Иногда он поёт.
Его руки, смуглые и сильные, покрыты татуировкой, едва ли не такой же старой, как и он сам. Его глаза с неестественно большими радужками полны текучего янтаря. Он низкоросл и слегка сутул. Время песок и ветер тщательно высушили и отполировали его фигуру, но почему-то оставили здоровыми зубы. Он безволос.
Сейчас он сидит на скрещенных ногах и улыбается, глядя на восток. Ему кажется, что у самого горизонта, почти на пределе видимости, собираются дождевые облака и он радуется им как ребёнок. Солнце нещадно палит ему спину, но солнце – последнее, от чего он мог бы ждать поблажек в этом пустынном краю. Оторвав взгляд от горизонта он снова принимается за работу, не удостоив царственное светило ни единой лишней каплей пота. Он по-своему горд.

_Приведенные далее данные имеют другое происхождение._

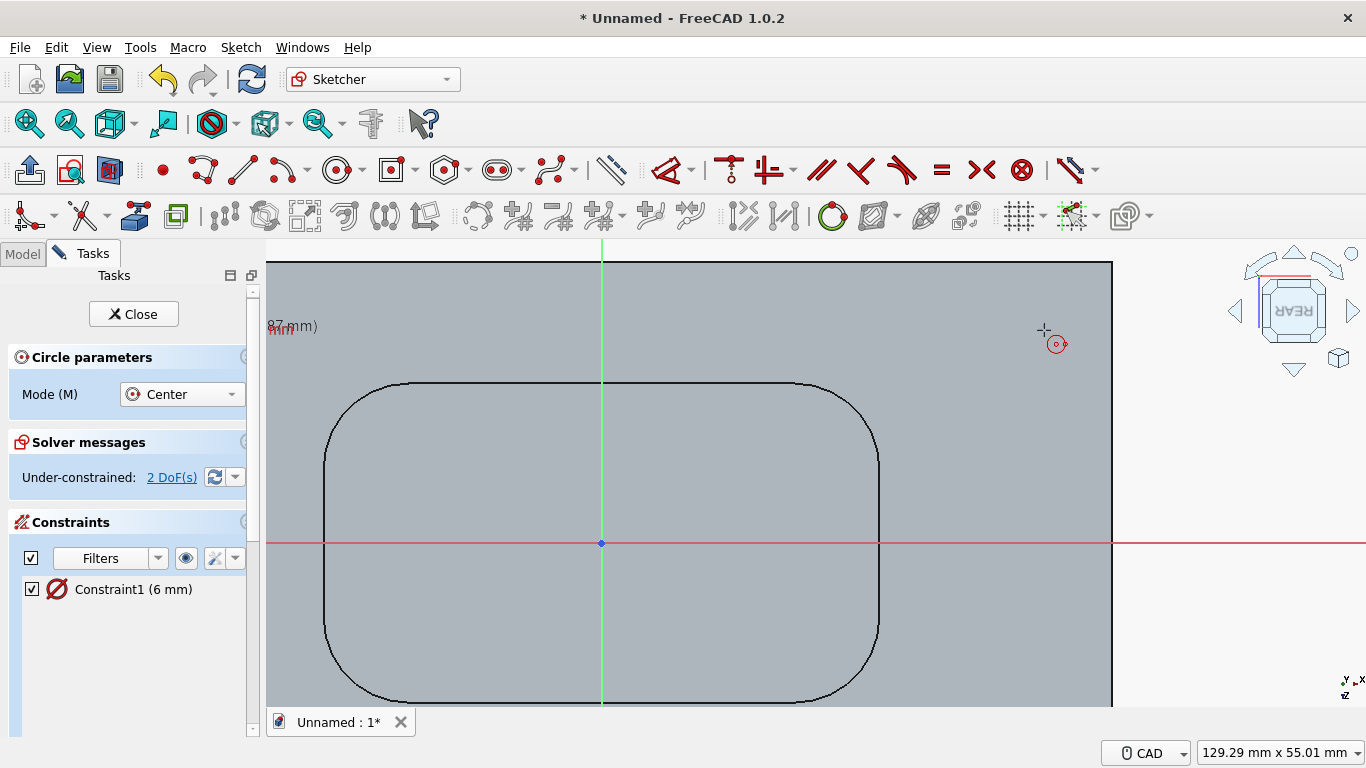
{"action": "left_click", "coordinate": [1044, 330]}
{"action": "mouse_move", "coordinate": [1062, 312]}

Его работа длится уже много ударов сердца. И с каждым выдохом она приближается своему естественному концу – его смерти. Но, пока он жив, работа идёт. Он делает игрушку. Он неприхотлив в материалах. Глина, дерево, камень – его сухим и горячим от полуденного солнца рукам всё равно из чего извлекать её простую и привычную форму. Он делает игрушку. И всякий раз бросает, остановившись на середине пути. Он по-своему мудр.
Он молчалив. Иногда, когда что-то неожиданно пойдёт не так или работа прервётся раньше, чем он рассчитывал, он резко набирает в грудь воздуха, словно собираясь сказать что-то. Иногда слову даже почти удаётся сорваться с его губ, но слова подвластны ему не больше и не меньше, чем собственная жизнь. Поэтому он молчалив.
Он вырезает на кусочке дерева линии – точь в точь узоры на его руке. Он проводит розовым языком по высохшим губам и едва заметно улыбается. Всё-таки будет дождь. Он улыбается чуть шире. Он смотрит прямо на солнце. Его белые зубы горят отраженным светом, в его янтарных глазах разгораются всё новые и новые искорки. Он бросает недоделанную куклу на горячий песок и отправляется на поиски очередного убежища на ночь.
Он идёт, слегка приплясывая, совершенно не замечая песни, льющейся из его иссохших уст. Иногда он не властен над своими словами так же, как и над собственной жизнью. Только его рукам подвластно всё. Его руки – мудрые и тёплые. Им не важен материал, будь то камень, окалина, кости или живая плоть. Они всегда готовы нащупать, согреть и извлечь Её из чего угодно. Но он всякий раз обрывает работу не дойдя одной четверти. И всякий раз неосмысленная песня льётся всё увереннее и громче. Он просто невообразимо стар.
Однажды, примерно на середине середине пути, что-то отвлечёт его. Он сдержится – он властен над своей жизнью. Но спустя много тысяч мгновенных бесконечностей нужное слово всё же пробьётся сквозь заслон его гнетущего молчания. И руки его – из глины, песка, воздуха или пучка травы – совершенно не значимо из чего, вылепят Ее. И тогда наконец его добровольное изгнание окончится – он отправится к морскому берегу, на поиски янтаря.